Histochemical Staining for Lignifications, Germ-Tube Behavior and Hypersensitive Response (HR)

Hand sectioned transverse sections (TSs) of pea stem from the first node were mounted in 1% phloroglucinol prepared in 95% ethanol, then transferred on glass slide and covered with cover-slip. Concentrated HCL was added near the edge of cover-slip so that HCL reach to the section (Guo et al., 2001). Pink color development showed lignin deposition. Observation was done under a compound light microscope (Nikon, Japan). For the germ tube behavior study leaf samples were destained in ethanol: acetic acid (3:1) solution. After leaf clearing leaves were stained with cotton blue and observed in a light compound microscope after mounting in glycerol. Germ tube lengths were calculated from 50 conidia per leaf from three different leaves of each treatment. For observation of HR, cleared leaves from different microbial treatments was observed under a light microscope after 72 h of pathogen challenge.

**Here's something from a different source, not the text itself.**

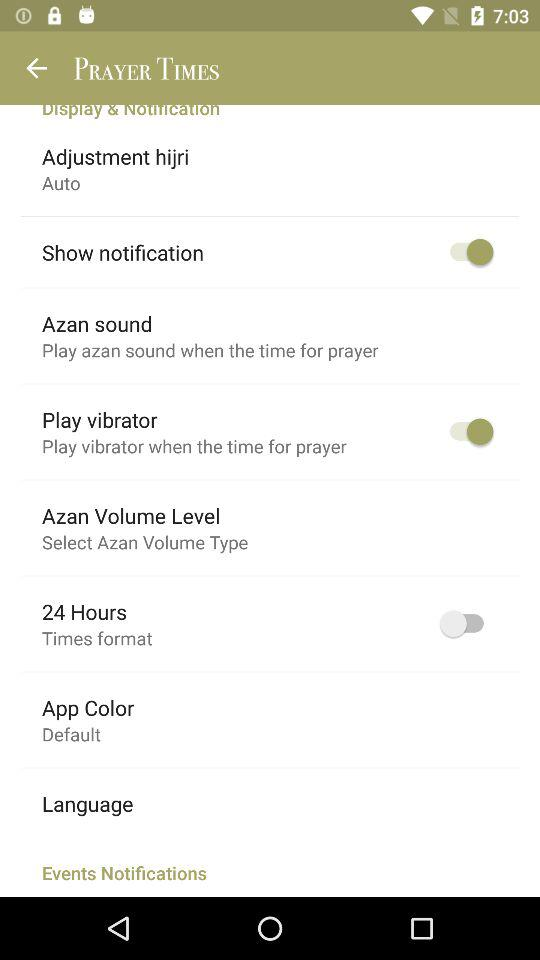What is the status of the "Show notification"? The status of the "Show notification" is "on". 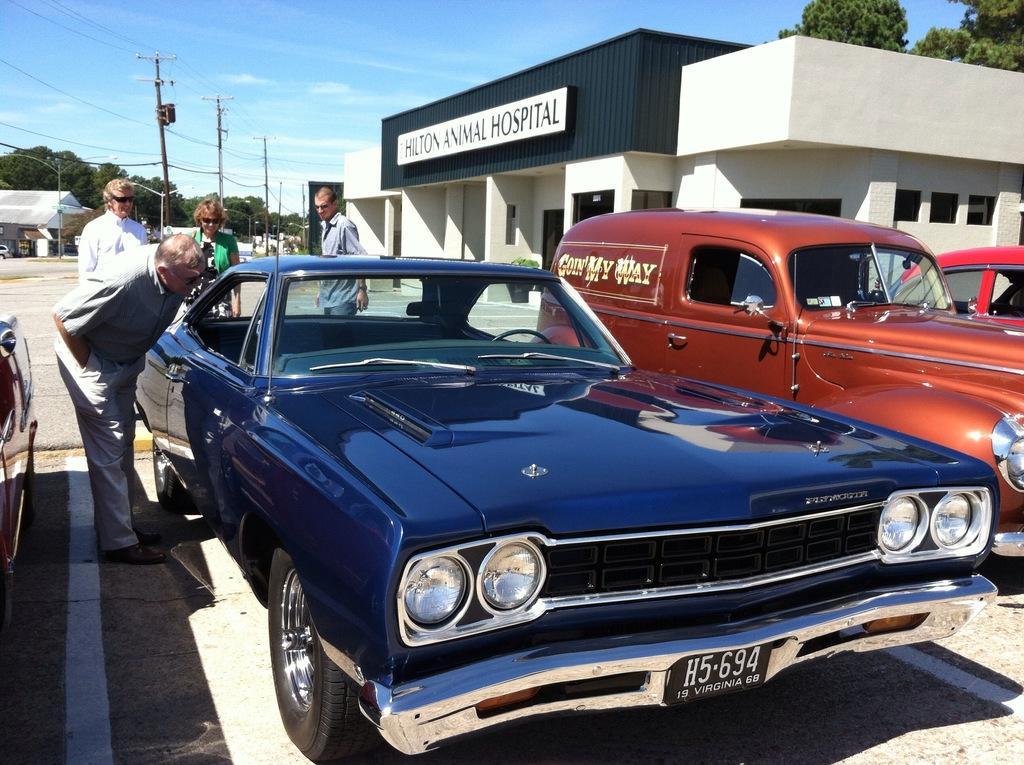How would you summarize this image in a sentence or two? In the image in the center we can see few vehicles and few people were standing. In the background we can see the sky,clouds,trees,poles,wires,buildings,banners and few other objects.

Quantitative Estimation of Lignin

Quantitative estimation of lignin was done using the acid-solubilization method described by Dence (1992). Oven dry leaf and stem samples were crushed in mortar and pestle. 0.1 g of dry powdered sample was dissolved in 72% H2SO4. The acid added samples were incubated for 1 h at 30°C. 28 ml of sterilized distilled water was added after incubation. Further, autoclaving was done for 1 h at 121°C and 15 psi. Autoclaved samples were filtered in hot (80°C) condition by using Whatman No.1 filter paper. Filtrate was taken for spectrophotometric analysis at 205 nm. Results were described as lignin content in μg/g of dry weight.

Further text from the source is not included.